Advanced methods of boundary integral equations for Laplace’s equation: Relations to method of fundamental solutions

Consider Laplace’s equation in a bounded simply-connected domain $S$. The harmonic functions in $S$ can be represented by boundary integral equations of the first kind (BIE), which is defined on the domain boundary $\Gamma (=\partial S)$. The unknowns are solved via the source nodes $Q$ on $\Gamma$, and their discrete algorithms are called the conventional boundary integral equation method (BIEM). From the Sobolev extension theory, the harmonic solutions can be extended to a larger simply-connected domain $S_R$ with $S\subset S_R$. We renovate the BIEM by moving the source nodes $Q$ from $\Gamma$ to ${\Gamma }_R$, to eliminate the singularity of the BIEM. Their discrete algorithms are simple and straightforward, and called the discrete boundary integral equation method (DBIEM). The main effort of this paper is to explore the error analysis of the DBIEM via Galerkin approaches. An important application of the error analysis is for the method of fundamental solutions (MFS), where the source nodes $Q$ are also located on ${\Gamma }_R$. The error analysis of the MFS in Dou et al. (2020) , Li (2009), Li et al. (2023) is confined to circular/elliptic pseudo-boundaries. The error analysis of the MFS for non-circular/non-elliptic pseudo-boundaries can be obtained from this paper. Since the pseudo-boundary ${\Gamma }_R$ is different from the boundary $\Gamma$ in the conventional BIEM, the inf-sup lemma is different from that in the boundary element method (BEM). The first work is to prove the new inf-sup lemma.

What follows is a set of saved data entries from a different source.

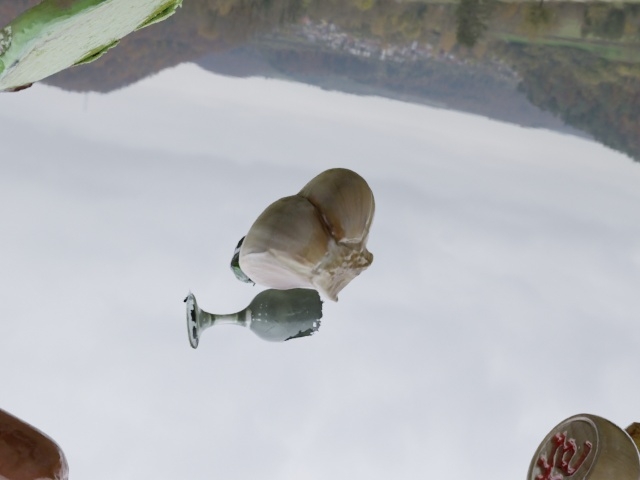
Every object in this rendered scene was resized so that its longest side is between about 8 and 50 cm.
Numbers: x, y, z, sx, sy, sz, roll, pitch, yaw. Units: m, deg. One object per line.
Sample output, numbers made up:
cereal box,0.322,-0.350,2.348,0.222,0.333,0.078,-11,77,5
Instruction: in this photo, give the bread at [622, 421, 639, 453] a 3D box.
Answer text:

For polygonal domains, when polygonal pseudo-boundaries are chosen, the piecewise interpolation polynomials of low orders are used as in the finite element method (FEM) and the BEM. The error bounds are derived for smooth solutions to achieve the optimal convergence rates. This error analysis is also valid for smooth $\Gamma$, and the constant/linear and linear/quadratic elements may find wide applications. The error analysis can also be applied to the MFS. Numerical experiments are reported to verify the analysis made. This paper is essential to the error analysis of both the DBIEM and the MFS.